- Conference: Michigan Intercollegiate Athletic Association
- Head coach: Ray Smith (1970–1994);

= Hope Flying Dutchmen football, 1970–1979 =

American college football seasons

The Hope Flying Tigers football program, 1970–1979 represented Hope College during the 1970s in NCAA Division II college football as a member of the Michigan Intercollegiate Athletic Association (MIAA). The team was led by head coach Ray Smith, who held the position from 1970 to 1994.

==1970==

The 1970 Hope Flying Dutchmen football team represented Hope College during the 1970 NCAA College Division football season. In their first year under head coach Ray Smith, the Flying Dutchmen compiled a 5–4 record (3–2 in conference games) and tied for third place in the MIAA. The team's assistant coaches were Russ DeVette, George Kraft, and Jim Bultman. The team played its home games at Riverview Park in Holland, Michigan.

==1971==

The 1971 Hope Flying Dutchmen football team represented Hope College during the 1971 NCAA College Division football season. In their second year under head coach Ray Smith, the Flying Dutchmen compiled a 4–5 record (2–3 in conference games) and tied for fourth place in the MIAA. The team played its home games at Riverview Park in Holland, Michigan.

==1972==

The 1972 Hope Flying Dutchmen football team represented Hope College of Holland, Michigan, during the 1972 NCAA College Division football season. In their third year under head coach Ray Smith, the Flying Dutchmen compiled a 6–2–1 record (3–1–1 in conference games) and finished in third place in the MIAA.

==1973==

The 1973 Hope Flying Dutchmen football team represented Hope College of Holland, Michigan, during the 1973 NCAA Division II football season. In their fourth year under head coach Ray Smith, the Flying Dutchmen compiled a 7–2 record (5–0 in conference games) and won the MIAA championship.

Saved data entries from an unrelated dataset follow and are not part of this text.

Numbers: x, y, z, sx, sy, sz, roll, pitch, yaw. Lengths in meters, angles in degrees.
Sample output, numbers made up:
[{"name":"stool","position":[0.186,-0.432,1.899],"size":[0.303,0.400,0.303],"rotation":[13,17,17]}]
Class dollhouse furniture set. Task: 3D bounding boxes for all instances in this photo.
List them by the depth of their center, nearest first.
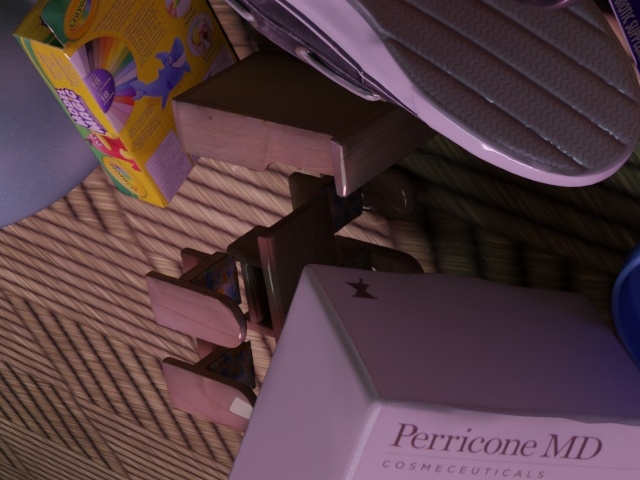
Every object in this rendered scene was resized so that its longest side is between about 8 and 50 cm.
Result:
[{"name":"dollhouse furniture set","position":[0.000,0.000,1.231],"size":[0.161,0.212,0.242],"rotation":[15,126,37]}]

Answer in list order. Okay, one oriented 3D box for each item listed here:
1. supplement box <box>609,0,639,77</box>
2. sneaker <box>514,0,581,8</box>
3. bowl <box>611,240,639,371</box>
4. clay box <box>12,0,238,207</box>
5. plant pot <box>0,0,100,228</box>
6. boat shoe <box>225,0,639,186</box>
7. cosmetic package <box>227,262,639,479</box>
[{"name":"supplement box","position":[0.236,-0.109,0.666],"size":[0.220,0.111,0.114],"rotation":[-31,125,17]},{"name":"sneaker","position":[0.115,-0.243,0.712],"size":[0.098,0.135,0.276],"rotation":[28,138,41]},{"name":"bowl","position":[0.383,0.083,1.087],"size":[0.391,0.077,0.391],"rotation":[26,157,12]},{"name":"clay box","position":[-0.137,-0.139,1.207],"size":[0.053,0.127,0.222],"rotation":[18,154,31]},{"name":"plant pot","position":[-0.323,-0.113,1.413],"size":[0.293,0.196,0.293],"rotation":[26,158,11]},{"name":"boat shoe","position":[0.049,-0.142,1.013],"size":[0.335,0.121,0.119],"rotation":[38,167,12]},{"name":"cosmetic package","position":[0.045,0.252,1.215],"size":[0.230,0.453,0.161],"rotation":[6,-150,-23]}]
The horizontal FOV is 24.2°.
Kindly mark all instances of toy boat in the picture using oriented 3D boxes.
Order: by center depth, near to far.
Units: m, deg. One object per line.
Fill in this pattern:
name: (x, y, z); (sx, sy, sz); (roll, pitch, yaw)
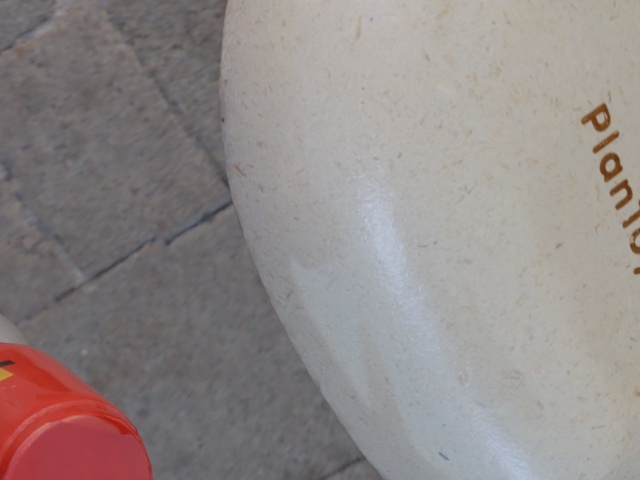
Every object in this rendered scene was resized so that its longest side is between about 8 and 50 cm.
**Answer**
toy boat: (0.000, 0.000, 0.495); (0.148, 0.318, 0.267); (11, 124, 59)
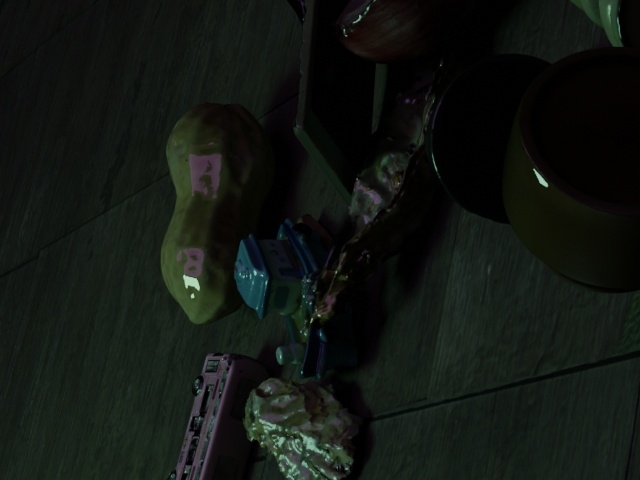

It was Hope's first outright conference championship in 20 years. Running back Ed Sanders was selected as the most valuable player in the MIAA. Several Hope players received first-team honors on the 1973 All-MIAA team: Sanders; Chuch Brooks, Gerrit Crandall, Bob Kibbey, Bob Yeiter, Craig Van Tuinan, Ron Posthuma, Bob Lees, Jeff Stewart, and Bob Lamer.

==1974==

The 1974 Hope Flying Dutchmen football team represented Hope College during the 1974 NCAA Division II football season. In their fifth year under head coach Ray Smith, the Flying Dutchmen compiled a 8–1 record (4–1 in conference games) and finished in second place in the MIAA. The team played its home games at Riverview Park in Holland, Michigan.

==1975==

The 1975 Hope Flying Dutchmen football team represented Hope College of Holland, Michigan, during the 1975 NCAA Division II football season. In their sixth year under head coach Ray Smith, the Flying Dutchmen compiled a 8–0–1 record (4–0–1 in conference games) and won the MIAA championship. It was the first undefeated season in Hope football history and set school records with 271 points scored and 37 touchdowns. The team was ranked sixth in the NCAA Division III Small College poll.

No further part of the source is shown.